2. An interesting linguistics question I've never seen addressed is why some peoples, like the Italians, gesture a lot while they speak, while other do not.

3. In England, a major road is washed out by a landslide, leading to a fourteen mile detour. A private individual contracts with a farmer owning nearby land and in two weeks builds a substitute road and charges a toll. Thousands of cars a day willingly pay the toll and the man recovers his $150,000 equivalent investment and makes a modest profit in the three additional months it takes to fix the road. The government could have cited him for not seeking regulatory approval, but instead, lets it slide and has its own emergency vehicles use the road. The government could have done the same thing, but it didn't. One of the positive aspects of capitalism is that it allows individuals to act without a comparatively complex and bureaucratic process. The alternative is to find ways for government to be more nimble, something that Japan, for example, is quite good at in these situations.

4. Microsoft bans someone from its online service for truthfully putting his location data as "Fort Gay" in West Virginia, despite the fact that this was the name of his town, on the theory that it is offensive, even after he demonstrates that it is real place. It refuses to relent until the Mayor goes to the press to complain. Moral of the story: Corporate bureaucracies can be just as stupid as governmental bureaucracies.

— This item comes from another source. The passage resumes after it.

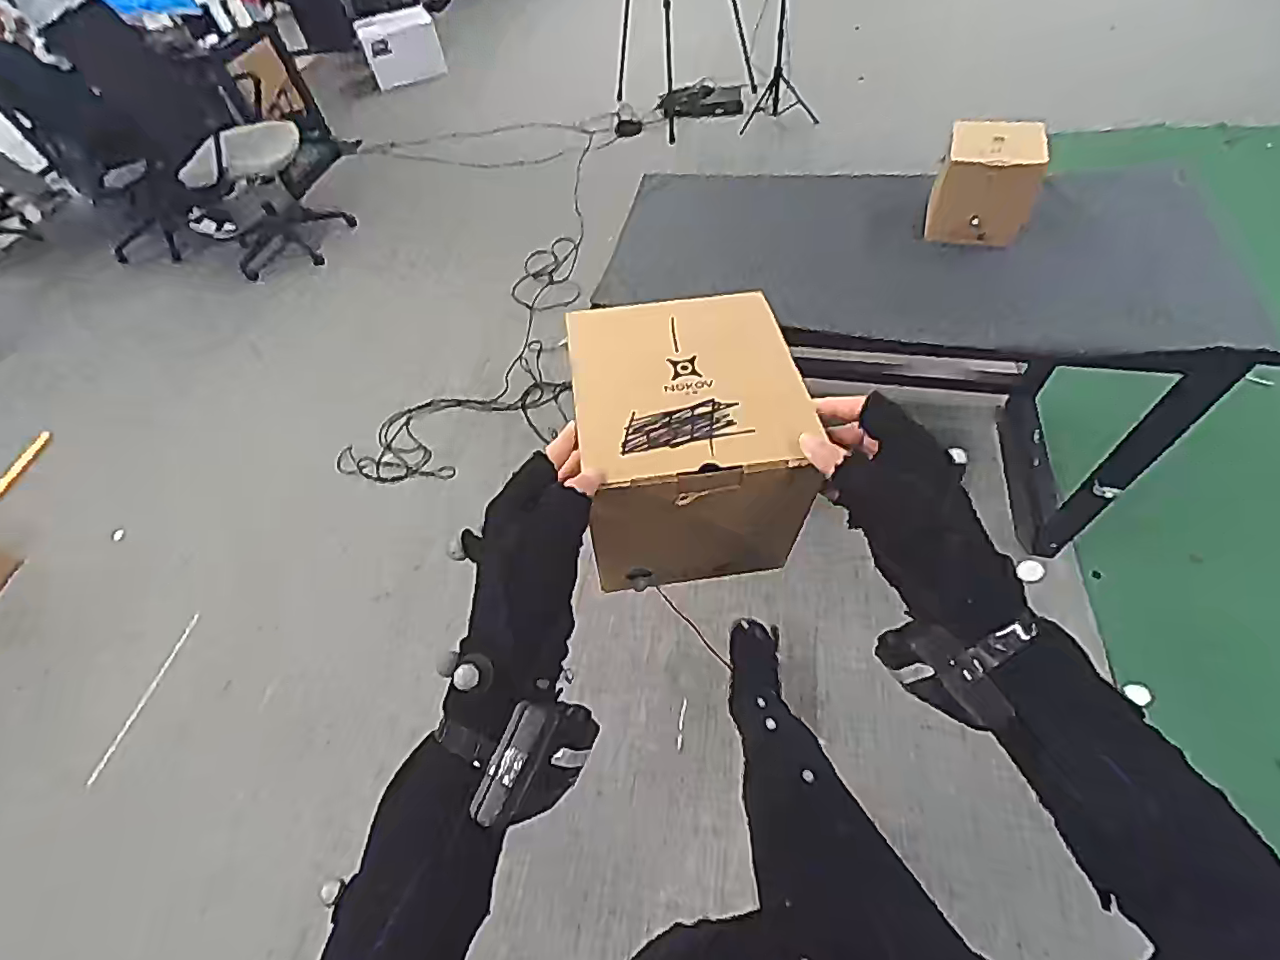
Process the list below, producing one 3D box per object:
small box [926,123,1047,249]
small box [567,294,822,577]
[{"bbox_3d":[0.708,-0.609,1.119,0.168,0.176,0.179,12,58,18],"label":"small box"},{"bbox_3d":[0.033,-0.029,0.463,0.168,0.176,0.179,-7,55,-3],"label":"small box"}]

5. The Colorado Department of Transportation is warning people that any texts asking individuals to “Pay your FastTrak Lane tolls” are scams, because Colorado does not collect fines or tolls by text. I've received some of these scam texts myself. But it still astounds me that prompt investigation and prosecution of these scammers using an electronic paper trail and following the places where they want you to send money isn't more effective. This seems like a problem that could be solved much more effectively given sufficient political will to do so, with a combination of specialized enforcement teams and possibly technological upgrades to the cell phone network.

6. A roughly 9.0 magnitude earthquake, of a type called a megathrust earthquake, struck in the year 1700, resulting in a tsunami to the Pacific Coast of North America from Vancouver to California. Its effects were also noted in Japan. Earthquakes like this happen every 300-600 years or so, and we're about due for another one.

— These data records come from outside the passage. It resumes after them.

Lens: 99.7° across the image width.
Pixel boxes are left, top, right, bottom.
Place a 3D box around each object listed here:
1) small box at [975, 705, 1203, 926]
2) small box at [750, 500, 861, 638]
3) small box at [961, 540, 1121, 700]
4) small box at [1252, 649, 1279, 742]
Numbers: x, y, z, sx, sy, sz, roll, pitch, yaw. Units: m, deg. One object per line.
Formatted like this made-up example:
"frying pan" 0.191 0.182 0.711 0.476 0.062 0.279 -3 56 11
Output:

7. New imaging of the geology under Yellowstone in the U.S. reveal that this mega-caldera is not currently anywhere near erupting in a mega explosion like the last time it occurred. Such an eruption would be a catastrophe affecting a large swath of North America and would have global climate implications.  

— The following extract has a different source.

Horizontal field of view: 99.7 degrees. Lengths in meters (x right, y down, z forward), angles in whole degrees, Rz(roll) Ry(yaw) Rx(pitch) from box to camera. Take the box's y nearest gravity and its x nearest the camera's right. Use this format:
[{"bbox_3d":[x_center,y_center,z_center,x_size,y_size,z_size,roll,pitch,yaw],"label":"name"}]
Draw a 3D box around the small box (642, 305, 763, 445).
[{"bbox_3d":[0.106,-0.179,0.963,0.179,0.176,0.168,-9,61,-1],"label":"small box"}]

8. Pollen issues in U.S. cities are, to a significant extent, a product of city planning policies to plan only male trees to replace those lost to Dutch Elm disease on the advice of a 1949 report from the U.S. Department of Agriculture.

2 comments:

Joel said...

I see #5 getting worse before it gets better. Paper trails dead-end at crypto accounts (due to lack of regulation and/or deregulation) and at gift cards (by design). Big, big changes to the laws that currently benefit the wealthiest and most politically connected corps around the world are needed to address either. And doing that without waiting for beyond-the-horizon technology means adding significant friction to the legitimate uses of those channels.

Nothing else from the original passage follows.